##### Data under study #####
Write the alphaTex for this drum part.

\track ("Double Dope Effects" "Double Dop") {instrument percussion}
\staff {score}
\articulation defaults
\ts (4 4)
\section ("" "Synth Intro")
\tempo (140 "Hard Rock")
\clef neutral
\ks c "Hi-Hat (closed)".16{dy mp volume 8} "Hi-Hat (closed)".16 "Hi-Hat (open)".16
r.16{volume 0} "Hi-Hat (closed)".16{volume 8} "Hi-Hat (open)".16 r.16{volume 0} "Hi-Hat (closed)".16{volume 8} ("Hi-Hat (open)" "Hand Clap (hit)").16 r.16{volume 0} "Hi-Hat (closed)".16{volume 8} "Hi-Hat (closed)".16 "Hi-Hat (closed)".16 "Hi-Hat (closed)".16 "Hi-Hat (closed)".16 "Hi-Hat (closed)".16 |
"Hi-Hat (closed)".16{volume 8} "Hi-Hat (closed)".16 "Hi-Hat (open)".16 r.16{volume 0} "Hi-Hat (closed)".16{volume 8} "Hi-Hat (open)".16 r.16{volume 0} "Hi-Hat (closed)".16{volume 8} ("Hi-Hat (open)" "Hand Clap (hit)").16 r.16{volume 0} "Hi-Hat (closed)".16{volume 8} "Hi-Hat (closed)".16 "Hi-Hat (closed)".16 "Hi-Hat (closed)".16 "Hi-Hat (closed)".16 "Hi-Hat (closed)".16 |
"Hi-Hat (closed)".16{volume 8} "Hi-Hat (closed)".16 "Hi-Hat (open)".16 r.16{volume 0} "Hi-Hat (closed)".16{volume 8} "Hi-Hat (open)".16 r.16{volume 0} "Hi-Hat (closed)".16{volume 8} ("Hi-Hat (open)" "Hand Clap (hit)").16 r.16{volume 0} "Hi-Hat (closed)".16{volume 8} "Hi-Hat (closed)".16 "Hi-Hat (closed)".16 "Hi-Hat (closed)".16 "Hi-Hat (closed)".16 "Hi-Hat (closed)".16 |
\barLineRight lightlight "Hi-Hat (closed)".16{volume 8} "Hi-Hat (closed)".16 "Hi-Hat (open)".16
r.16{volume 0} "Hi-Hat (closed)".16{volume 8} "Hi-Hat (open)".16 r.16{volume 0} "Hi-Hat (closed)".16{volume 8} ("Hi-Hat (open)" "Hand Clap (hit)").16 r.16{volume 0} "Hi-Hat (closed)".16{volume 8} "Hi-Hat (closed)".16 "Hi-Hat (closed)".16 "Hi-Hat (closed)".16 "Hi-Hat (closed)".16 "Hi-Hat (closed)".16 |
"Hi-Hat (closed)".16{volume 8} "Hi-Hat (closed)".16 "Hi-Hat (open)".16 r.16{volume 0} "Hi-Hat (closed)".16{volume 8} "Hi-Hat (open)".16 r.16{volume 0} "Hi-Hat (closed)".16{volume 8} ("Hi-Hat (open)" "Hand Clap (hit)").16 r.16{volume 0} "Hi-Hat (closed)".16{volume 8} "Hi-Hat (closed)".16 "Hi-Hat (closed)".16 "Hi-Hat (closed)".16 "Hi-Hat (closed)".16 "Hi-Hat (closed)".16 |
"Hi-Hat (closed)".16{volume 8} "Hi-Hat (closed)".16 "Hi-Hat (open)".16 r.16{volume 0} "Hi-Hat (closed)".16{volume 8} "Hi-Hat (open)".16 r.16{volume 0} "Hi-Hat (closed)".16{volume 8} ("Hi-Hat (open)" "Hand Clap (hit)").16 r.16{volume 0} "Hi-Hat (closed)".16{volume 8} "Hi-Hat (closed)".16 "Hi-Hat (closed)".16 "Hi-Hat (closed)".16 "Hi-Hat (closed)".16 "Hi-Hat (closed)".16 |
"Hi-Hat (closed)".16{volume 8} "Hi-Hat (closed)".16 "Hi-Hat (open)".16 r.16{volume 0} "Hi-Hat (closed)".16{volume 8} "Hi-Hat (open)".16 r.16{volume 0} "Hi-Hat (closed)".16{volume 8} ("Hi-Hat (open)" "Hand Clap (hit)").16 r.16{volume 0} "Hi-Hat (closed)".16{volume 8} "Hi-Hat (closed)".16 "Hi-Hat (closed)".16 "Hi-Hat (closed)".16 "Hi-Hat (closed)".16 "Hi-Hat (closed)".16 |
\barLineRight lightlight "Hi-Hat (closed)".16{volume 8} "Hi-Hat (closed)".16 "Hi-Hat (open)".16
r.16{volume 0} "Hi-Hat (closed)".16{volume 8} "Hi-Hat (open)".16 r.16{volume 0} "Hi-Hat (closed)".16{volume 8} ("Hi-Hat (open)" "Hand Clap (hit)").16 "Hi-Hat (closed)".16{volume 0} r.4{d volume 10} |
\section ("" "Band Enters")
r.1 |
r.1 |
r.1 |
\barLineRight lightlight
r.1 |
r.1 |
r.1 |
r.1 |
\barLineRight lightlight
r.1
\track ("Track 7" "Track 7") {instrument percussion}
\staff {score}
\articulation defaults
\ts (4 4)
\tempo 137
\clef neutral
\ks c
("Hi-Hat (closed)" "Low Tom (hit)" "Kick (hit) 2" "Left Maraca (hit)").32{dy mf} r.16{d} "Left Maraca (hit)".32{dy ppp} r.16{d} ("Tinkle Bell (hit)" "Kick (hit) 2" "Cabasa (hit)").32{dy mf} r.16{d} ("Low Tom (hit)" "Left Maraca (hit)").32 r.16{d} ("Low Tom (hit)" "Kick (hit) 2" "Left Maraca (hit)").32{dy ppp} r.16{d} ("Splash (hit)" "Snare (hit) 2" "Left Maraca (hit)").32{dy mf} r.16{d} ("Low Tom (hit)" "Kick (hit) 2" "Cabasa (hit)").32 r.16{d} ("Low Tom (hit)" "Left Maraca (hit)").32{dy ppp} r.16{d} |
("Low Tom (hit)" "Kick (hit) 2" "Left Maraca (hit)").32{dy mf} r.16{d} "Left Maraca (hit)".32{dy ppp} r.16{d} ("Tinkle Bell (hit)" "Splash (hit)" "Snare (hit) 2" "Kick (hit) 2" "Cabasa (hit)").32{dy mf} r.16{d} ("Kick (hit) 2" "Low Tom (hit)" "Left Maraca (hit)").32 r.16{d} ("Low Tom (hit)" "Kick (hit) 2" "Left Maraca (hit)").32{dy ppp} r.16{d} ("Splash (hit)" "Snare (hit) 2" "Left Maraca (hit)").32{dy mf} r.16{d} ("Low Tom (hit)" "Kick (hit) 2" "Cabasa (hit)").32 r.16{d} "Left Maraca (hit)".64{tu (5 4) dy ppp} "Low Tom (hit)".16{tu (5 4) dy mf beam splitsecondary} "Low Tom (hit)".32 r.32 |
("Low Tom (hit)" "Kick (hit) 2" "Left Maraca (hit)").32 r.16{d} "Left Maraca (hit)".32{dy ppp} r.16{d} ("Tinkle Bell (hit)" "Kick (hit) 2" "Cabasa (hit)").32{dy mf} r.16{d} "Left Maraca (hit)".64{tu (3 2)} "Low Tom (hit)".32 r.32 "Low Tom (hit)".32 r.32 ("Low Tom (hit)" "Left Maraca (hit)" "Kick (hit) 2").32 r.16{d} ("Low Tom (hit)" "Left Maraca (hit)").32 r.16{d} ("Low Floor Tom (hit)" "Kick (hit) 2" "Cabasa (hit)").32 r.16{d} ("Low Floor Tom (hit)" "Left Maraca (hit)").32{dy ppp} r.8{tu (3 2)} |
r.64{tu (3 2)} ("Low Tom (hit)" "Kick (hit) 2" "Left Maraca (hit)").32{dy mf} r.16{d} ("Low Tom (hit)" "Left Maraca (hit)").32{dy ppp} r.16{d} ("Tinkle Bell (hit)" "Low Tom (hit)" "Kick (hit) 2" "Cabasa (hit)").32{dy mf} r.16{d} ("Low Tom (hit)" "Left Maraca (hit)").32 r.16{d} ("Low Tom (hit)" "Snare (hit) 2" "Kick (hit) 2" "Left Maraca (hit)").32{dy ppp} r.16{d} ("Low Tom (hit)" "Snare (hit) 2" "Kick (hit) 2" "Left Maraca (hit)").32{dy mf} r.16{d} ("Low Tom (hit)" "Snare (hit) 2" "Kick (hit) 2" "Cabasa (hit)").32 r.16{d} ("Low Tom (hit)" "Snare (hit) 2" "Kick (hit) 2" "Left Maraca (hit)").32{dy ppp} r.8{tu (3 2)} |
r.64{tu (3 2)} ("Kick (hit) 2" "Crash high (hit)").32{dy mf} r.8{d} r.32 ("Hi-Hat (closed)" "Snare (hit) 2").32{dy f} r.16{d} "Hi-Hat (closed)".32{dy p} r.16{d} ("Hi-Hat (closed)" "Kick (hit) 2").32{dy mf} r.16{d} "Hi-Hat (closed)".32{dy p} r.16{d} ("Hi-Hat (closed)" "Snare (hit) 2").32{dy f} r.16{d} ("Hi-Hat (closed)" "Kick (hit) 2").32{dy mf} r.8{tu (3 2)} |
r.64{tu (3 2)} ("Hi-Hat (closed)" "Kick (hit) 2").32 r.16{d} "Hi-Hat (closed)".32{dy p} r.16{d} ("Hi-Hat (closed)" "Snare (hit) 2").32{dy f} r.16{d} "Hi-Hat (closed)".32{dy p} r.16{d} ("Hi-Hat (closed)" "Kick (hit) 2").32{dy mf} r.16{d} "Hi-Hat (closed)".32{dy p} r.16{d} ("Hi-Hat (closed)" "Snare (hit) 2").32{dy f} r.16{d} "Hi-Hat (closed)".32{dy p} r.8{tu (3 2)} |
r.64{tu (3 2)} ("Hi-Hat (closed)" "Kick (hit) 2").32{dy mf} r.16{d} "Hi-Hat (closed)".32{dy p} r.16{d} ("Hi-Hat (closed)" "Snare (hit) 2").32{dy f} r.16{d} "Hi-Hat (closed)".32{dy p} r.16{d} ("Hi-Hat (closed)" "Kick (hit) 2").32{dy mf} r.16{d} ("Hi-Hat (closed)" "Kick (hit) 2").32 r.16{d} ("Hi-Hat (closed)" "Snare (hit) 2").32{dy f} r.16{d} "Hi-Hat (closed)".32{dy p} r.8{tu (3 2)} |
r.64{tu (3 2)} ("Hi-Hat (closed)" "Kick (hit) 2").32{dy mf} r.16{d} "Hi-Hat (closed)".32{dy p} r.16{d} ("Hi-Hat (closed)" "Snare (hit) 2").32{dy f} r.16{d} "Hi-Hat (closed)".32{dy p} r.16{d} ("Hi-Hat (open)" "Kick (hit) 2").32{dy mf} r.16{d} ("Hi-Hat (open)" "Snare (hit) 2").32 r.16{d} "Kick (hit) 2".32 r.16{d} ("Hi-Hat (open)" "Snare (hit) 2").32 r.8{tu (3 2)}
#####
### Task goal
Say how many lines in the entries include the string "track", and write nothing besides that number.

### Answer box
2